| N.Y. Sup. Ct. | Nov 15, 1810

Kent, Ch. J. delivered the opinion of the court.

The promise stated in the declaration, is to be considered, after verdict, and upon the present motion, as an express promise. This is the presumption, and so it has been received by the courts, in a variety of cases, where there was no admission of the parties to contradict it. (Cowp. 283. 289. 7 Term Rep. 350. note. 4 Johns. Rep. 237.) The question, then, before us is, whether an action at law can be sustained against a devisee, upon his express promise to pay a specified sum, bequeathed as a legacy, and charged upon the land devised, and made after the executors had assented to the legacy, and in consideration of his having become seised of the land under the devise.

In the cases of Atkins v. Hill, and of Hawkes v. Saunders, (Cowp. 283. 289.) the court of K. B. determined that an action of assumpsit lay at law against an executor, on his express promise to pay a legacy, in consideration of assets received, sufficient to pay all the debts and legacies. Those decisions have been considered as shaken by the case of Decks v. Strutt. (S Term Rep. 690.) But the question in that case was, whether the law would raise an implied promise, on proof of the acknowledgment of assets, and when the legacy was payable out of the general funds of the testator; and the court held, that it would not. Lord Kenyon said, that it was a case almost without precedent, and that the means which a court of equity had to control the suit so as to meet the purposes of justice, particularly when the husband sued *104for his wife’s legacy, was a strong reason for confining the' cognisance of such suits to the courts of equity. The K= afterwards, in Doe v. Guy, (3 East, 120.) laid much stress upon the circumstance, that the action of Deeks v. Strutt was upon the implied promise only. The cases in Cowper have not, therefore, strictly been overruled. They may be reconciled with the subsequent decisions, upon the distinction between an express undertaking, and a promise implied by law. It must, however, be admitted, that the language of some of the old cases, {Dyer, 264. pi. 41. Moore, 917. Hob. 265. T. Raym. 28.) as. well as the general reasoning of Lord Kenyon, is against the-action; but whoever has duly considered the authority of the two decisions in Cowper, and the powerful manner in which they are supported, cannot but be conscious of the weight with which they press upon the argument.

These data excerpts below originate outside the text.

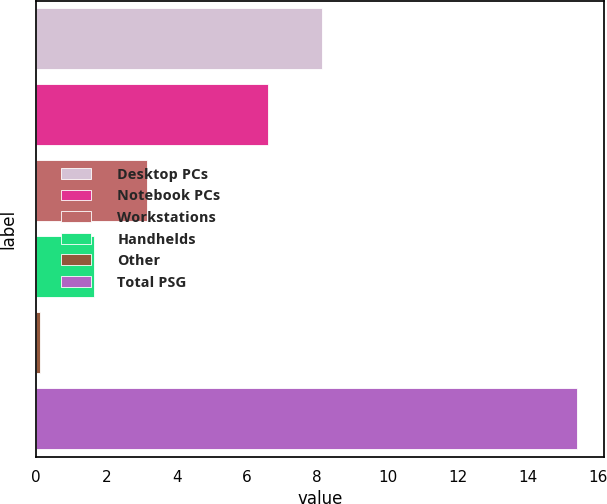<chart> <loc_0><loc_0><loc_500><loc_500><bar_chart><fcel>Desktop PCs<fcel>Notebook PCs<fcel>Workstations<fcel>Handhelds<fcel>Other<fcel>Total PSG<nl><fcel>8.13<fcel>6.6<fcel>3.16<fcel>1.63<fcel>0.1<fcel>15.4<nl></chart> 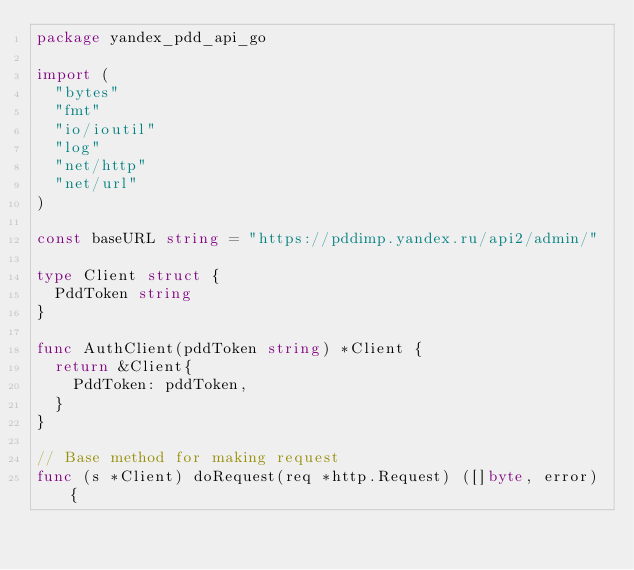<code> <loc_0><loc_0><loc_500><loc_500><_Go_>package yandex_pdd_api_go

import (
	"bytes"
	"fmt"
	"io/ioutil"
	"log"
	"net/http"
	"net/url"
)

const baseURL string = "https://pddimp.yandex.ru/api2/admin/"

type Client struct {
	PddToken string
}

func AuthClient(pddToken string) *Client {
	return &Client{
		PddToken: pddToken,
	}
}

// Base method for making request
func (s *Client) doRequest(req *http.Request) ([]byte, error) {</code> 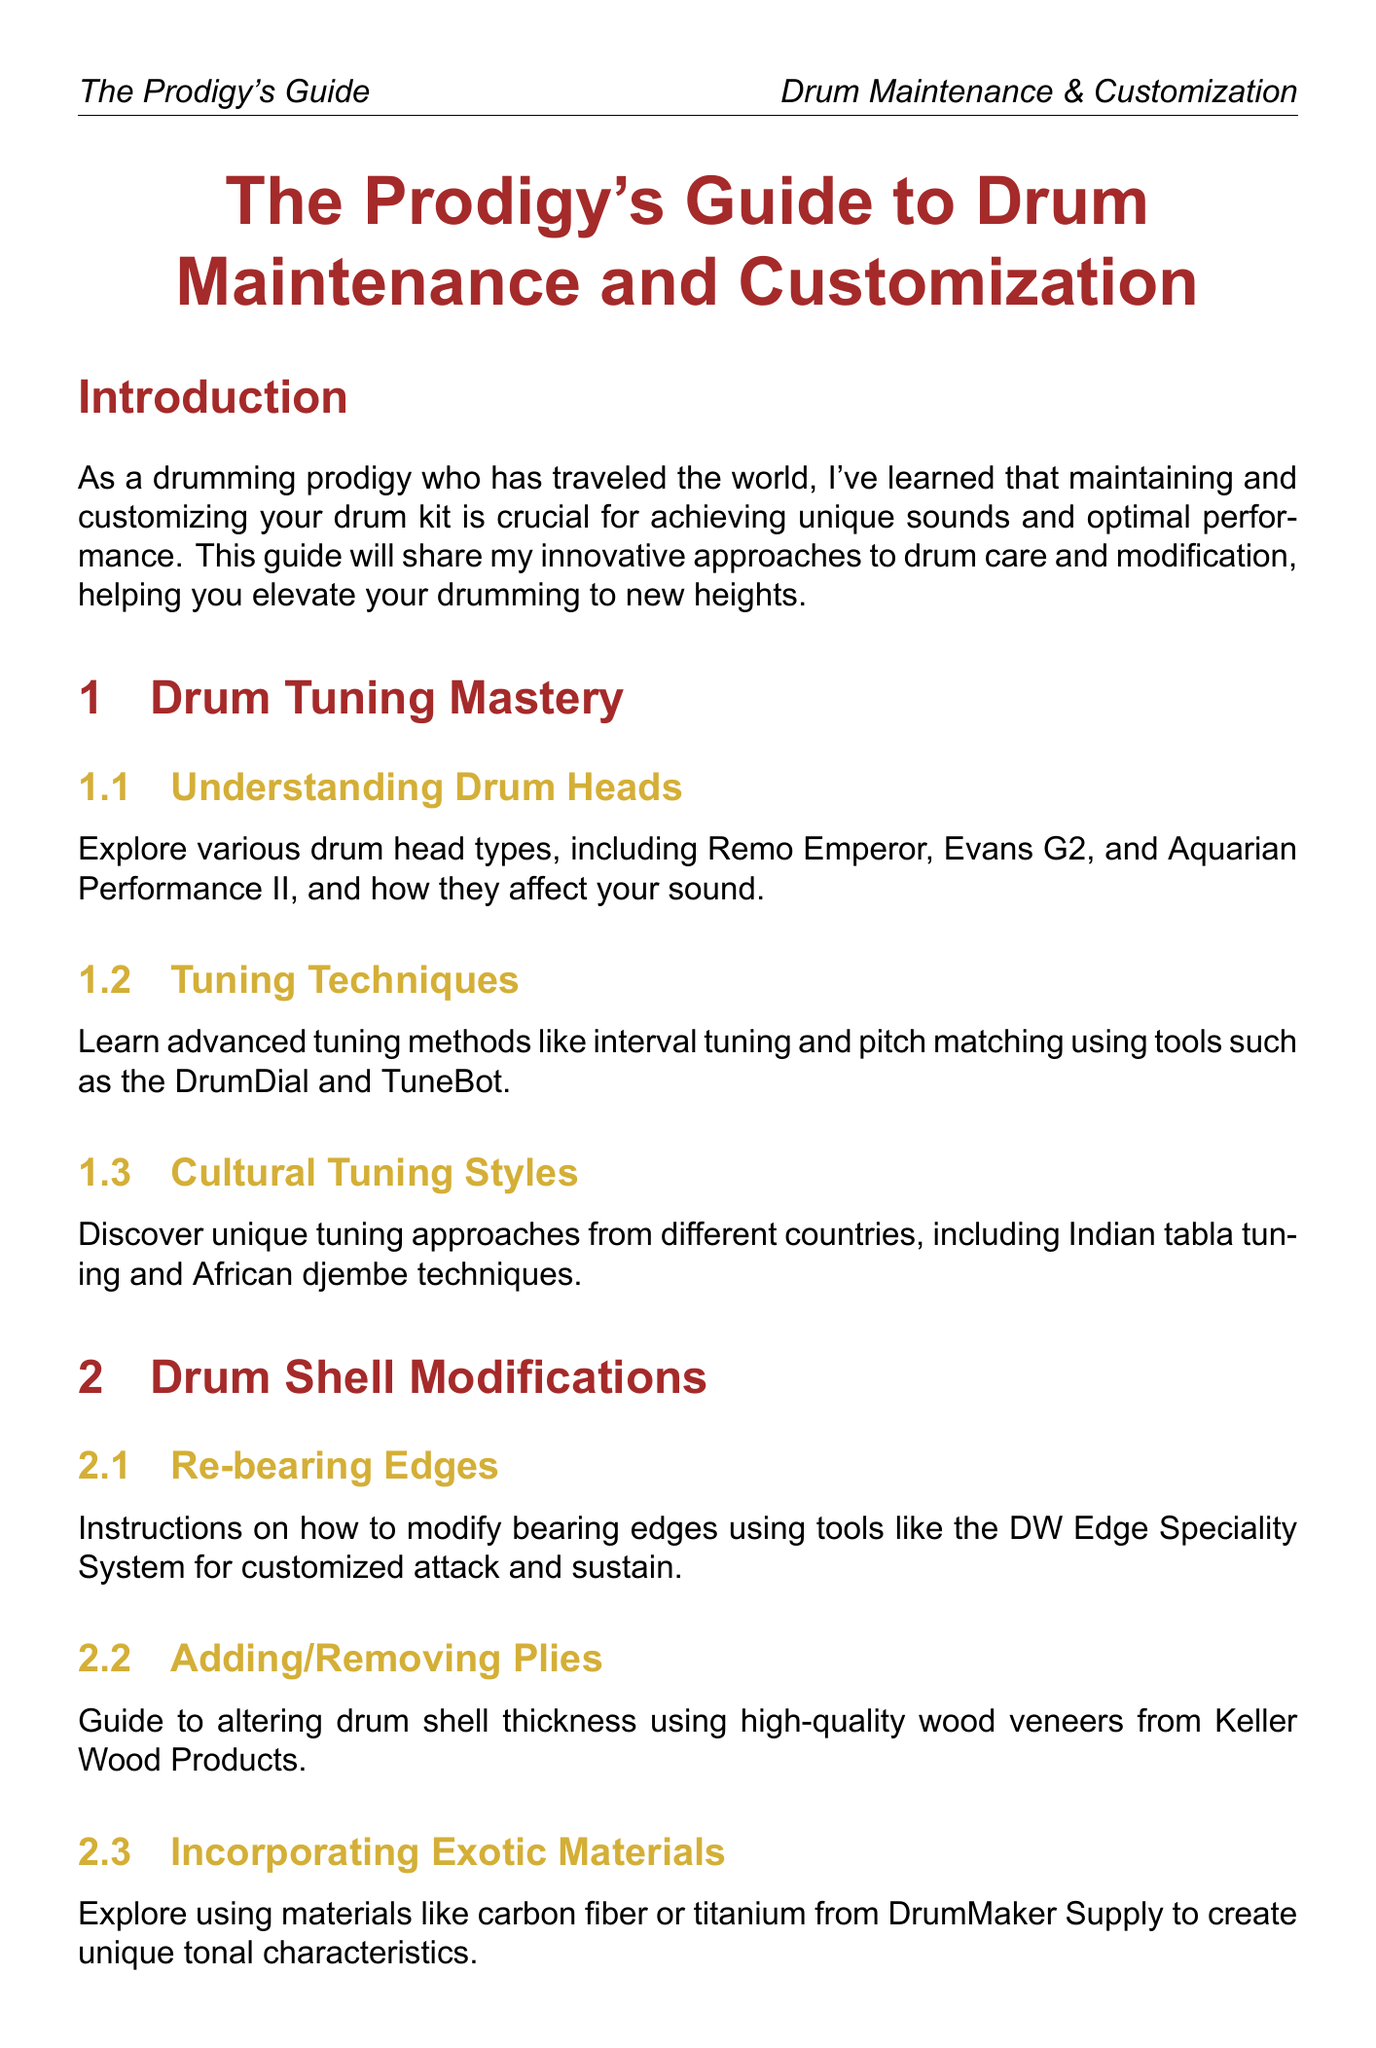what is the title of the manual? The title is presented at the beginning of the document.
Answer: The Prodigy's Guide to Drum Maintenance and Customization how many chapters are included in the document? The number of chapters is mentioned in the structure of the document.
Answer: 6 what tool is recommended for tuning techniques? The document specifies tools used for advanced tuning methods.
Answer: DrumDial which section covers integrating triggers? This section's title identifies where the topic is discussed in the document.
Answer: Electronic Augmentation what is one method suggested for incorporating found objects? The guide outlines techniques for using objects from travels; the specific method is found in a section title.
Answer: Guide to safely attaching and using found objects what materials are suggested for damping techniques? The document provides cultural materials used for damping methods.
Answer: Indian fabric or African beads which product is suggested for daily care rituals? The specific product mentioned for maintenance routines can be found under that section.
Answer: Music Nomad's Drum Detailer what is the purpose of re-bearing edges? The function of this modification is stated in the corresponding section.
Answer: Customized attack and sustain which chapter discusses seasonal adjustments? The title of the chapter indicates seasonal changes in maintenance routines.
Answer: Maintenance Routines

None of the old cases appear to have arisen upon an express promise. The court was content to lay down the general rule that the legatee must sue in the spiritual courts for his legacy. The objection upon which Lord Kenyon seems chiefly to have relied, does not apply here; for this is not the case of a husband, suing for his wife’s legacy, and the objection has, perhaps, been deemed of too much importance. It would equally apply to a voluntary payment of the wife’s legacy, without the assent of chancery; and it would equally prevent an action at law for a specific legacy, which action was sustained in the case of Doe v. Guy. A specific legacy may consist of money, or stock, or the profits of a farm, if it be designated with sufficient certainty. (2 Fonb. 375.)

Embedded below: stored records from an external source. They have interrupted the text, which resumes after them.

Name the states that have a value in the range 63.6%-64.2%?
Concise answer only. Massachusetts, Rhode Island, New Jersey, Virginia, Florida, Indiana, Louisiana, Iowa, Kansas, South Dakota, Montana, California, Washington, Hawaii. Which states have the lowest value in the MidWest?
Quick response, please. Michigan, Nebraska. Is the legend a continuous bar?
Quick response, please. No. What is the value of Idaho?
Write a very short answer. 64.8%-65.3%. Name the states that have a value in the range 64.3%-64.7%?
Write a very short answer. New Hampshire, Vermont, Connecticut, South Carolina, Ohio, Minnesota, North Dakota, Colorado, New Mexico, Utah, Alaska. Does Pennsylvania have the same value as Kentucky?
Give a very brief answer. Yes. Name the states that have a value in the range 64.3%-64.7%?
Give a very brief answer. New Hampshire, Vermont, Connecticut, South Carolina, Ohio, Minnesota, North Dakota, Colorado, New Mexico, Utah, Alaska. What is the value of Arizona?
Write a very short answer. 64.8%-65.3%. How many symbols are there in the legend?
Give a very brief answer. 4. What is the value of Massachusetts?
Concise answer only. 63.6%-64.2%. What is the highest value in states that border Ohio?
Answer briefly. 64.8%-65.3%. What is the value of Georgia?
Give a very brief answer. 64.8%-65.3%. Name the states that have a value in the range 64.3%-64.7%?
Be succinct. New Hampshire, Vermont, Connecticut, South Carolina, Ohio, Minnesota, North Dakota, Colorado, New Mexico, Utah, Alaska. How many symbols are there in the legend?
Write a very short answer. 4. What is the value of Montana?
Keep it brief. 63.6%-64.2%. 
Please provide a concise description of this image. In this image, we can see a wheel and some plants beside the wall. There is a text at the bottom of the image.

This case is different from the ordinary case of a suit against the executor, for a legacy, payable out of the general fund, and which may be maintained at law, under our statute. (Sess. 24. c. 174. s. 18.) The books have been more favourable to the suit against the devisee. Lord Holt (2 Salk. 415. 2 Ld. Raym„ 937.) supposed that an *105action at law could be maintained in this case; and in Paschell v. Keterich, (2 Dyer, 151. b. Benloe, 60.) all the justices held, that the spiritual courts had no jurisdiction where the money was to arise from the freehold; and that the legatee might have account at common law. • Lord Coke held the same language; (2 Bulst. 257. Dyer, 151. b. note;) and in a case in the time of Charles II. (1 Sid. 45. T. Raym. 23.) Twisden, J. said, that in his time, it had been adjudged in the K. B. that if one by will devised a legacy, to be paid out of land, an action lay for this in that court.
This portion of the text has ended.